Bizimle beraber olanlar, beraber yol yürüyenler, bizimle oturup-kalkanlar, mertlikte mi yoksa namertlikte mi derinleştiler, acaba hangisinde mesafe katettiler?
Bizimle beraber olanlar, 'helal-haram ver Allah'ım/ Aciz kulun yer Allah'ım' ilkesizliğinde ve ölçüsüzlüğünde karar kılmış ise, vah bize, eyvah bize.

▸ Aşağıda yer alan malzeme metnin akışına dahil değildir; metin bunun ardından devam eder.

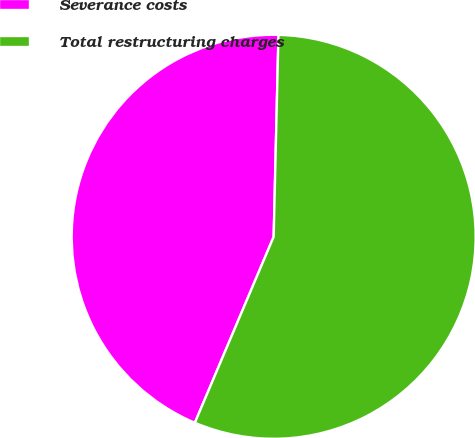Convert chart. <chart><loc_0><loc_0><loc_500><loc_500><pie_chart><fcel>Severance costs<fcel>Total restructuring charges<nl><fcel>44.0%<fcel>56.0%<nl></chart>

Beraber yol yürüdüklerimiz, fakir-fukaranın, garip-gurebanın haklarına, yani kamu malına balıklama dalmakta hiç bir beis görmüyorsa, helal-haram hassasiyetleri bu derce pörsümüş ve tükenmişse vah bize, eyvah bize.
Farkında olsak ta olmasak ta, hatırlasak ta hatırlamasak ta, imtihanda olduğumuz gerçeği asla değişmez.
İmtihandayız.
"Biz yeryüzündeki şeyleri ona bir ziynet yaptık ki insanları imtihan edelim: hangisi daha güzel bir amel yapacak?" (Kehf: 7)
"O hanginizin daha güzel iş yapacağını denemek için ölümü ve hayatı yarattı. O güçlüdür, O'nun gücüne hiçbir güç erişemez ve tek bağışlayan da O'dur." (Mülk: 2)
"Sonra, neler yapacağınızı görmek için onların ardından yeryüzüne sizi yerleştirdik." (Yunus: 14)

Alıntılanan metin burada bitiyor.